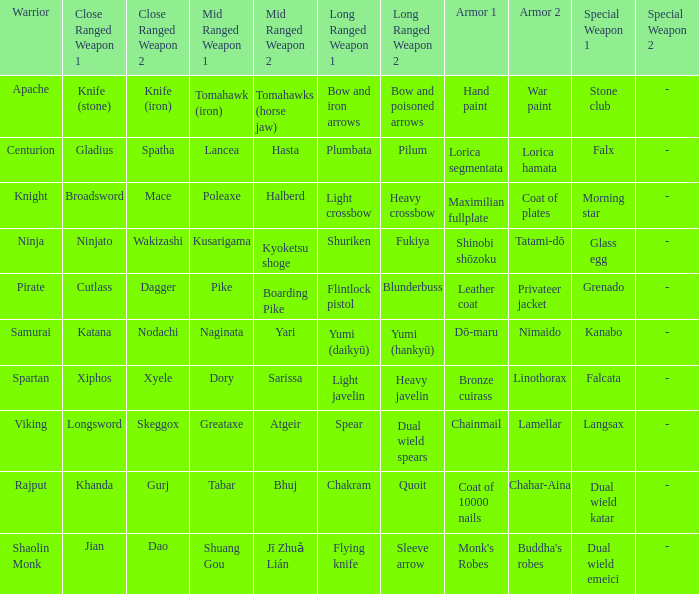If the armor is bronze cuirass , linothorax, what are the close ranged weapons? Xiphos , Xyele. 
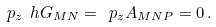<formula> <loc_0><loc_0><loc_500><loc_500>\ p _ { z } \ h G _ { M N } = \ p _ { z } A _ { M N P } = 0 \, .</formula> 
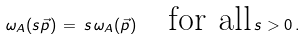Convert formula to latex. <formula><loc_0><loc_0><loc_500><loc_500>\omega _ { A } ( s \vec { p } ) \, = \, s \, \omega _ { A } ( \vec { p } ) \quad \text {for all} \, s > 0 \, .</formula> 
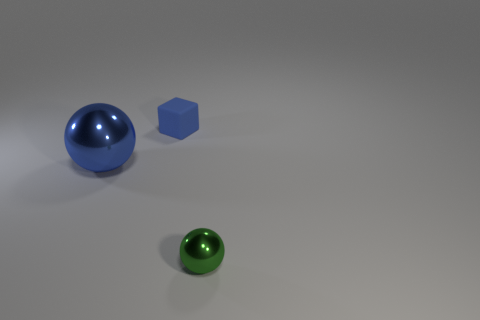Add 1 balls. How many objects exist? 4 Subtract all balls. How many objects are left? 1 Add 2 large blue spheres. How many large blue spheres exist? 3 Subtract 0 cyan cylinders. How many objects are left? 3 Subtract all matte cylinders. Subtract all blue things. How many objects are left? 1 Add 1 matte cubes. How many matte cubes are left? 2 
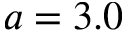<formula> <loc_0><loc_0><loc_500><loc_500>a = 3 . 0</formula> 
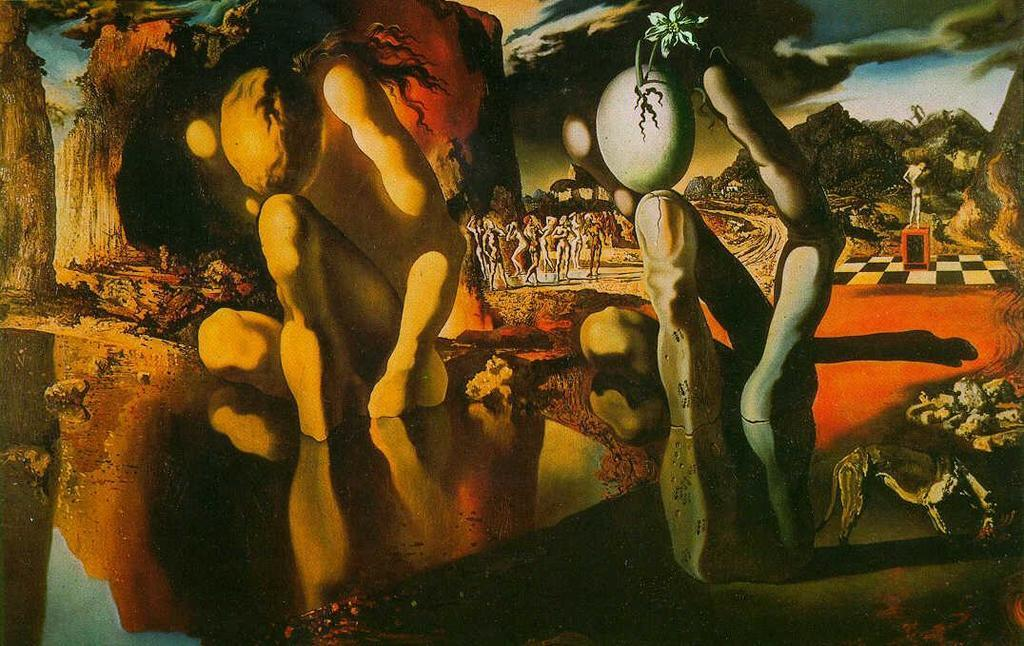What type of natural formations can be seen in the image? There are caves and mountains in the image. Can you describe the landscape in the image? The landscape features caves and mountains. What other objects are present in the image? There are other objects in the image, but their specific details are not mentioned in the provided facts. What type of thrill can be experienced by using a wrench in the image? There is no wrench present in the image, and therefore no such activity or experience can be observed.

###

**WORK INSTRUCTION**
All lines from the beginning of the entries above to the line containing "<formula> <loc_0><loc_0><loc_500><loc_500>a = 3", inclusive, should be printed exactly, apart from the pictures.

**WRITTEN RESPONSE**
If the armor is bronze cuirass , linothorax, what are the close ranged weapons? Xiphos , Xyele. 
<formula> <loc_0><loc_0><loc_500><loc_500>\ p _ { z } \ h G _ { M N } = \ p _ { z } A _ { M N P } = 0 \, .</formula> 
Convert formula to latex. <formula><loc_0><loc_0><loc_500><loc_500>\omega _ { A } ( s \vec { p } ) \, = \, s \, \omega _ { A } ( \vec { p } ) \quad \text {for all} \, s > 0 \, .</formula> 
Add 1 balls. How many objects exist? 4 Subtract all balls. How many objects are left? 1 Add 2 large blue spheres. How many large blue spheres exist? 3 Subtract 0 cyan cylinders. How many objects are left? 3 Subtract all matte cylinders. Subtract all blue things. How many objects are left? 1 Add 1 matte cubes. How many matte cubes are left? 2 
<formula> <loc_0><loc_0><loc_500><loc_500>a = 3 . 0</formula> 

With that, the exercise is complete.